Alex Andorra writes:
I was re-reading section 15.5 (multinomial models) of Regression and Other Stories, and this on page 275 made me curious:
Examples of ordered categorical outcomes include Democrat, Independent, Republican;
Is this a typo, or can these categories really be considered as ordered in a multinomial model?
If this is indeed a typo, I’m happy to file an issue on the GitHub repo.
If not, what would be the expected strengths and weaknesses of imposing an ordered constraint on this model? (you can guess that I’m trying to understand whether it would be interesting in the French context)
I replied that, yes, the three groups are ordered. In France you could arrange the parties from left to right.
Alex responded:
Strange as it may seem, I always understood “ordered” as “ranked”, which is why I didn’t understand the ordering by parties. But if one can order parties from left to right instead of highest to lowest rank, that makes total sense! And I’m guessing this is more interesting than the unordered categorical because it adds more prior knowledge to the model?
Setting it up as ordered makes the model simpler and reduces the number of parameters. It’s also a strong assumption, and with enough data you can always do better. It depends on your goals. You can also start with the ordered model and then examine patterns in residuals to see if more modeling would help.
To go even simpler, I’ll often recommend simply coding an ordered variable numerically (for example, -1, 0, 1 for Dem, Ind, and Rep) and then modeling linearly. This is often just fine and gives coefficients that are easy to interpret. Again, it depends on your goals.
Ranked *is* the same as ordered, but the confusion arose around the question: On What Axis?
What’s with the discussion of mountain tourism in the RSS feed version of this post? It was interesting, but seems like maybe a sign of something having gone wrong?
Some evil spam thing; gotta track it down.

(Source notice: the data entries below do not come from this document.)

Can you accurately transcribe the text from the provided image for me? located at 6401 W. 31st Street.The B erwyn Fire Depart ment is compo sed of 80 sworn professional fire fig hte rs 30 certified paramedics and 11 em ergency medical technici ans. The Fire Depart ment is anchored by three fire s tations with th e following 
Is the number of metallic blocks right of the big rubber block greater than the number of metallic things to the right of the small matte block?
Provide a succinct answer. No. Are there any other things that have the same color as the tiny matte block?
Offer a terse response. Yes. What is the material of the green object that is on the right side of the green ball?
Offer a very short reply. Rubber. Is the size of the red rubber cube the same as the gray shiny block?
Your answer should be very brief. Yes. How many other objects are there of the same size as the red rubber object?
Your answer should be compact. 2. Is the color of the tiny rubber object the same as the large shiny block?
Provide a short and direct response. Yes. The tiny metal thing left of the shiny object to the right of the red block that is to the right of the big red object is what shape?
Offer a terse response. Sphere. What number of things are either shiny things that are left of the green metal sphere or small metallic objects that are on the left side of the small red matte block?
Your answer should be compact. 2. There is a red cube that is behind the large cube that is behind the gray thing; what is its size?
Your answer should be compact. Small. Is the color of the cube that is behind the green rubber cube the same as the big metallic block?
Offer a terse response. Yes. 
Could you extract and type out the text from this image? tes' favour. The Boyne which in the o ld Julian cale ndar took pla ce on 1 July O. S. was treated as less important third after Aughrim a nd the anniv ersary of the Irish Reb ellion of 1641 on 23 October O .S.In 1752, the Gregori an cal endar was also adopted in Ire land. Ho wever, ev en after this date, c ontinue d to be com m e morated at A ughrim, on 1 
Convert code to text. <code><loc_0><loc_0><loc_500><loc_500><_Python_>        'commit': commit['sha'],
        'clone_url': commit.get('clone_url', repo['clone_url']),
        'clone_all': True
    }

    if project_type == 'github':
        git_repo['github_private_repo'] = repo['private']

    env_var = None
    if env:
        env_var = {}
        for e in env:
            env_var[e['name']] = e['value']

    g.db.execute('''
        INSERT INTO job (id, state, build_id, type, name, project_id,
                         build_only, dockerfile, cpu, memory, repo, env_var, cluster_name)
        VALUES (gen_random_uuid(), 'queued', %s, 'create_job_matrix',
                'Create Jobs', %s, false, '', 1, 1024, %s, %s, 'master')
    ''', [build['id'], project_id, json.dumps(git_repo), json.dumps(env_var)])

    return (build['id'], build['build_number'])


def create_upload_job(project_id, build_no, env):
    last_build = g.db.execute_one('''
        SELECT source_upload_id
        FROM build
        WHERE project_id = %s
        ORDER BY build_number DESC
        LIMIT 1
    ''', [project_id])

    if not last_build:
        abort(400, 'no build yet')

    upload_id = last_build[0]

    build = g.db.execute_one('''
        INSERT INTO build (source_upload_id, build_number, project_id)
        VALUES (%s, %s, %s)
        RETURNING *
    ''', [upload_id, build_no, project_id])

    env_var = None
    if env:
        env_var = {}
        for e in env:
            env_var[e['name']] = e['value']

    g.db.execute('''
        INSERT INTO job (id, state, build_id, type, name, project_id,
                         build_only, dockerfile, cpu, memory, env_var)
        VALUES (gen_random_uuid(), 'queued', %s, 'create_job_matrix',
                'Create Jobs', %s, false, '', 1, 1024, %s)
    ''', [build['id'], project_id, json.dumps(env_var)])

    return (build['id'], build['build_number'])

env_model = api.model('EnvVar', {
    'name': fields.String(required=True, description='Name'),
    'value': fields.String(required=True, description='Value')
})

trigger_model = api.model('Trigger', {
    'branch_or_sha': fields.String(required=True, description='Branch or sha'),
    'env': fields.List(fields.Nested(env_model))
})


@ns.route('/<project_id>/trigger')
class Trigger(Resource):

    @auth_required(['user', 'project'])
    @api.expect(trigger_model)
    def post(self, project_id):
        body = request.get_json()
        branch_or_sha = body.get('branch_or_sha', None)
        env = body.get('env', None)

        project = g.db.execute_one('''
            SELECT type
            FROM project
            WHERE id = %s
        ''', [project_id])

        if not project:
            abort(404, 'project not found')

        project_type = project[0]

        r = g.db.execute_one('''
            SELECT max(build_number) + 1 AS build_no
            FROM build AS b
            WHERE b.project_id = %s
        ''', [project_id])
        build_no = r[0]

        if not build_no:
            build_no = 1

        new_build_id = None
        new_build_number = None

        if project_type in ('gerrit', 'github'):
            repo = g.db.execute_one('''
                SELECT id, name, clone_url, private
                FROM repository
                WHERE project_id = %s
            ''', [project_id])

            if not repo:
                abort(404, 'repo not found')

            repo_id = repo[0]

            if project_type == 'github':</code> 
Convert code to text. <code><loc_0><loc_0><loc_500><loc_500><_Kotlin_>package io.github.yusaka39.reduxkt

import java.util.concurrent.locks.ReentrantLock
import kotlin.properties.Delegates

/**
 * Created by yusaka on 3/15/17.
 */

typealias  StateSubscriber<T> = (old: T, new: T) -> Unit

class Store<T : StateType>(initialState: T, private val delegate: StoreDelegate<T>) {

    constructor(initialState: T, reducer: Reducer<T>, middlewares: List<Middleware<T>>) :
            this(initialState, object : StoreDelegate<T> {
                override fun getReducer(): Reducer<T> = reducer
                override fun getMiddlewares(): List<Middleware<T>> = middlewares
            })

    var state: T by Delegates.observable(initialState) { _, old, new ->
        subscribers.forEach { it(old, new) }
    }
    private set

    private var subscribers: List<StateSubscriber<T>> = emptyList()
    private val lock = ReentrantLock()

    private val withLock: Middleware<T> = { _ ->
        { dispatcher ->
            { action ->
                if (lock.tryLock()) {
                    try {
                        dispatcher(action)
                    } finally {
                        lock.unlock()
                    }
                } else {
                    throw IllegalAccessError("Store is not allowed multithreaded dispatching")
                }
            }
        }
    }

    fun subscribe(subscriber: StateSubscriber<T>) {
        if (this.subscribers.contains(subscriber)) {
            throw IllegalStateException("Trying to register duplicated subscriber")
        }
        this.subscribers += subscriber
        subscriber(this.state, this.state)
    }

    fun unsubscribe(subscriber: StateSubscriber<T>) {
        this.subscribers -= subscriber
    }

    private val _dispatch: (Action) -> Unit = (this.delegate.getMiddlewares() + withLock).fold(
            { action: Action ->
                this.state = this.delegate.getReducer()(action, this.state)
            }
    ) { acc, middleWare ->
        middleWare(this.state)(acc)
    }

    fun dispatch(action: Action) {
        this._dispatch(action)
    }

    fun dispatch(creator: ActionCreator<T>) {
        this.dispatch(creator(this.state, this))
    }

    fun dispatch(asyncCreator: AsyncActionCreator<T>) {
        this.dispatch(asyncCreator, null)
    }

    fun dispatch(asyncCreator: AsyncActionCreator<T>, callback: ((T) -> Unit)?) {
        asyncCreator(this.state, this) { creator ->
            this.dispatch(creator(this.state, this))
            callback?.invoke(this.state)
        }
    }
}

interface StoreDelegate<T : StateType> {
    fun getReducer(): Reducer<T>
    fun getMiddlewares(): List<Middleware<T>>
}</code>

I think the point that might be unclear is that “ordered” simply implies in this case that the outcomes are such that it’s easier to go from A to B than A to C. Whether it may be applicable to a different country’s multi-party political system is dependent on how the political parties are set up. For example, trying to do the same with UK political parties, with Labour, Conservatives and UKIP/Brexit Party might be challenging, since UKIP/Brexit Party is generally regarded as a far right party but there’s also a fair number of Labour voters switching to it.
Nope, it’s just not a good example. In the US, the terms independent and moderate are not truly synonymous, either definitionally (it literally means “no party identification”) or empirically (independents collectively have a bimodal distribution on most issues). So the proper scale is party identification, not left-right orientation, and the two parties ought to collapse into one category. At a minimum, the categories are multidimensional.
And yes, you could always define a population or theory that would make this work, but the same is true of the ordered categories “square, orange, joy.” A good example is, by definition, prototypical. So unless I’m missing context from the chapter where you specify these are ordered categories on multiple dimensions or second-level variables or in a highly-specific scenario, it’s just a bad example.
By the Brooks-Gladwell principle, you must issue a correction or else sit through 20 hours of Ted Talks by the author of Why We Sleep! :)
Michael:
I never said that independent and moderate are synonymous. These are two different survey questions! See for example the discussion here. It makes sense to talk about liberal/moderate/conservative or Democrat/Independent/Republican as each being on a left-right scale, but they’re not the same left-right scale.
I’ve never given a Ted talk on my above-linked 2009 post, but if you’d like you could imagine such a talk.